Prediction results for this peak shown below:
Number of samples=171 (control(0)=154;disease(1)=17) Class0 (control) (num/fract)=24/0.140351; mean_score=4.152928 Class1 (disease ) (num/fract)=147/0.859649; mean_score=-5.309040 Test results: Fraction of true predictions: 0.959064[164] Class 0: Fraction of true positives : 0.954545[147] Fraction of false negatives : 0.045455[7] Class 1: Fraction of true positives : 1.000000[17] Fraction of false negatives : 0.000000[0]
The overall fraction of true predictions is 0.959064. Interestingly, this classifier does not misclassified any cancer sample (17 true positives from 17). This can be useful as no cancer patient can be missed by this analysis.
The change of the linear discriminant function for this classifier (CA125 + 17 group peak intensity, LDF) is shown in figure below for each cancer patient samples for all times before diagnosis (including time=0, the time of diagnosis).
The X axis - time before diagnosis. For most samples the LDF value exceed zero in the range 10 months before diagnosis.
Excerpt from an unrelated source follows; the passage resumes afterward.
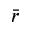Convert formula to latex. <formula><loc_0><loc_0><loc_500><loc_500>\bar { r }</formula>

Y-axis - LDF value. 5 samples show no increase of LDF values for this period (they have only two of time points of samples
taken: time=0 and time > 6 months). One patient (ID 3480) have LDF value greater than zero for all period of time. T
hus positive LDF values based on CA125 and MS peak intensity [2983.0, 2989.6] can be used as OC markers for prognosis
within 6 months.
[1] Gammerman et al, The Computer Journal, (2008)
[2] Menon et al, (2007), J.Clin.Oncol, 23,7919-7926.